Given multiple static data streams, how to design an optimal scheduling policy?

I am trying to find an optimal scheduling policy when multiple static data streams are given. For example,

stream 0: 000---00--000

stream 1: 1111--11--11-11

stream 2: 22-222---2-2

...

Here, "1" means valid data processed in one cycle, "-" means one cycle stall. A dispatcher can only process valid data from one stream in each cycle. When one stream stalls, the dispatcher can always switch to another stream with valid data waiting. Or the dispatcher can make stream switching decisions with other scheduling policies.

For example, a strict round robin policy(follow order stream 0 1 2, even though the current selected stream is stalled or null) is shown below:

DispatchTimeLine: 012012012-1201201-01201201xx1

stream 0 time line:   0xx0xx0---xx0xx0--0xx0xx0xxxx  

stream 1 time line:   x1xx1xx1xx1--1xx1--1xx1-x1xx1 

stream 2 time line:   xx2xx2-x2xx2xx2---xx2-x2xxxxx

In this case, the dispatcher takes 29 cycles to process all the data. If using a greedy policy, a total of 26 cycles can be achieved. ("x" means waiting or idle.)

If the goal is the best performance (least number of total cycles), how to derive an optimal policy for the dispatcher? Is there any theoretical proof that is available for a more general case?

Below is a general description of this problem:

Assume there are N data point streams (0 to N-1), and each data point stream (Di) has its own static data point pattern (such as "valid, valid, valid...stall, stall,...", i.e., an interleaved sequence of "valid" and "stall" points. The number of "valid" is Vi, and the number of "stall" is Si. The temporal ordering within each stream is fixed.) There is no specific constraint for the value of N, Vi, and Si, and the data pattern for each data stream are also fixed during scheduling. In other words, there can be multiple, or a single data stream, and the composition and length of the data stream are not constrained.

Regarding the dispatcher, it can only process one data point from one stream in a cycle. When stream Di is stalled, the dispatcher can select other streams to go, and the stalling time of stream Di can be hidden when the dispatcher is processing other streams. Once the stalling is done for stream Di, it becomes eligible to be selected again.

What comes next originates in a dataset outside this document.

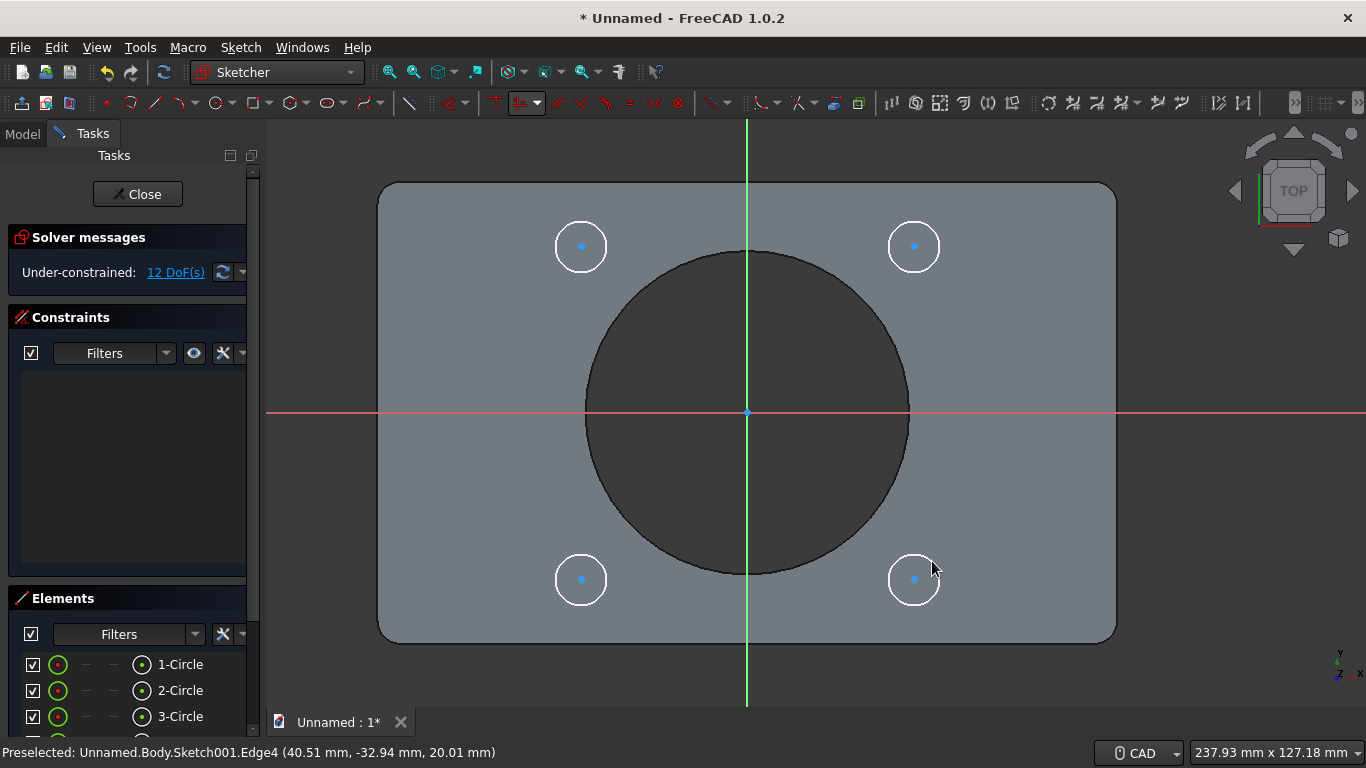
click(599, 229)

When all streams are in their stalls in a cycle, no data can be processed in this cycle, and a NOP will occupy this cycle in the dispatcher's time line.

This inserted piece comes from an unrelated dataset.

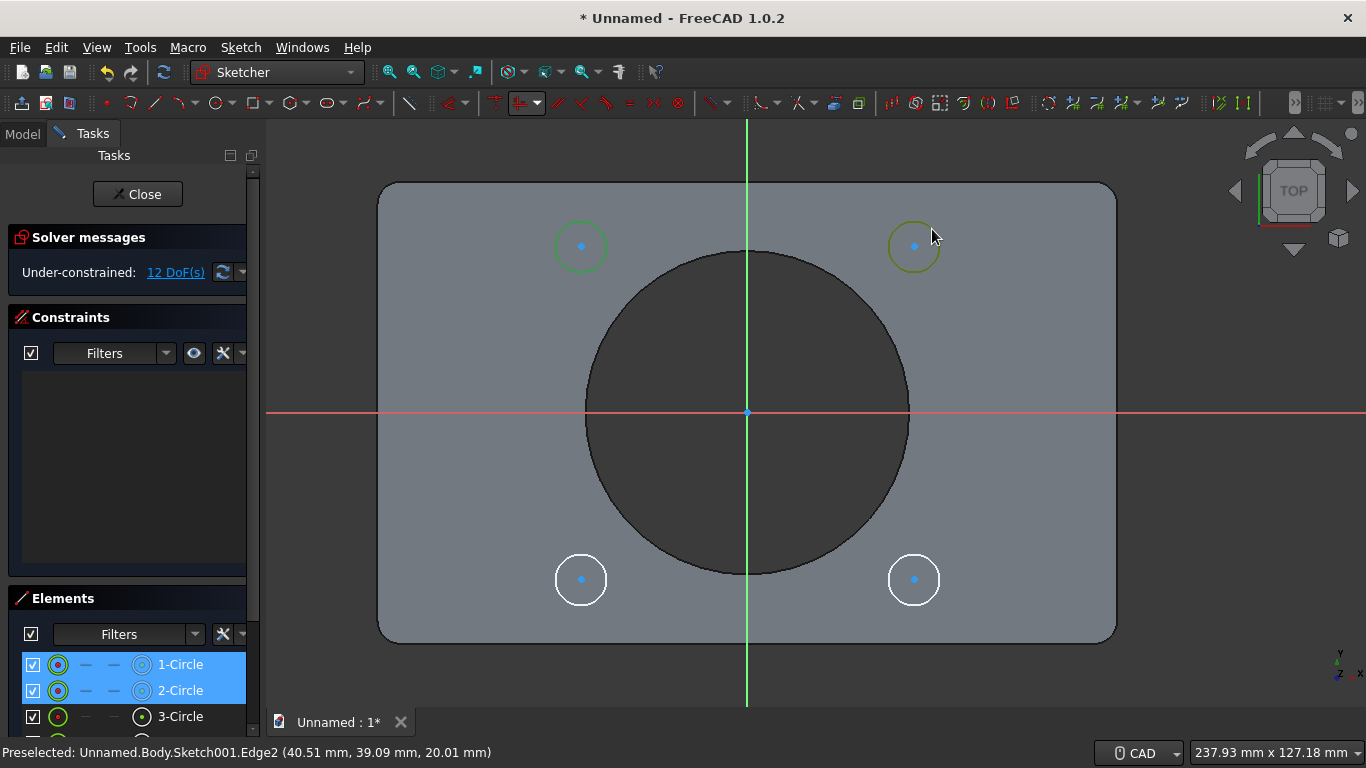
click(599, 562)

The only goal here is the least total processing time (or say highest performance) of the dispatcher. There is no other requirements here, such as fairness among streams.

In intuition, I imagine greedy policy can be optimal in some cases, such as in the numerical example above. But I am not sure whether this policy is the best in all situations. I wonder if it can be proved theoretically? Or is there a systematic method that can aid the process of finding an optimal scheduling policy?

Solution

I'm going to conjecture that finding an optimal schedule, in general, is NP-hard. It seems as though there ought to be a reduction from some partition problem that exploits the trickiness of scheduling when the available tasks are arriving very close to the throughput of the dispatcher. Certainly the various greedy algorithms that I've tried haven't worked out (what I didn't realize earlier is that each stream has a "buffer" of only one element).

There's a fixed-parameter algorithm for k streams each of length n that runs in time O(n^k) via dynamic programming. This is not useful to you when k = 48, so I won't describe it. I would suggest constraint programming instead, which has a chance to exploit the features of your particular input.

Here's one way to formulate your problem as a constraint program. For the j^th item in the i^th stream, let t_ij be the integer time at which processing for that item is finished. To force a stall of length k between the j^th and (j + 1)^th items in the i^th stream, constrain t_i(j+1) - t_ij > k. For all i, constrain t_i1 > 0. Put an all-different constraint on every single one of the variables and minimize their maximum.

There are various software packages that solve constraint programs. They use intelligent constraint propagation and branching strategies and should be much, much, MUCH faster than brute force. I don't feel as though I have enough experience to make specific recommendations, so find one that looks easy to use and reasonably mature.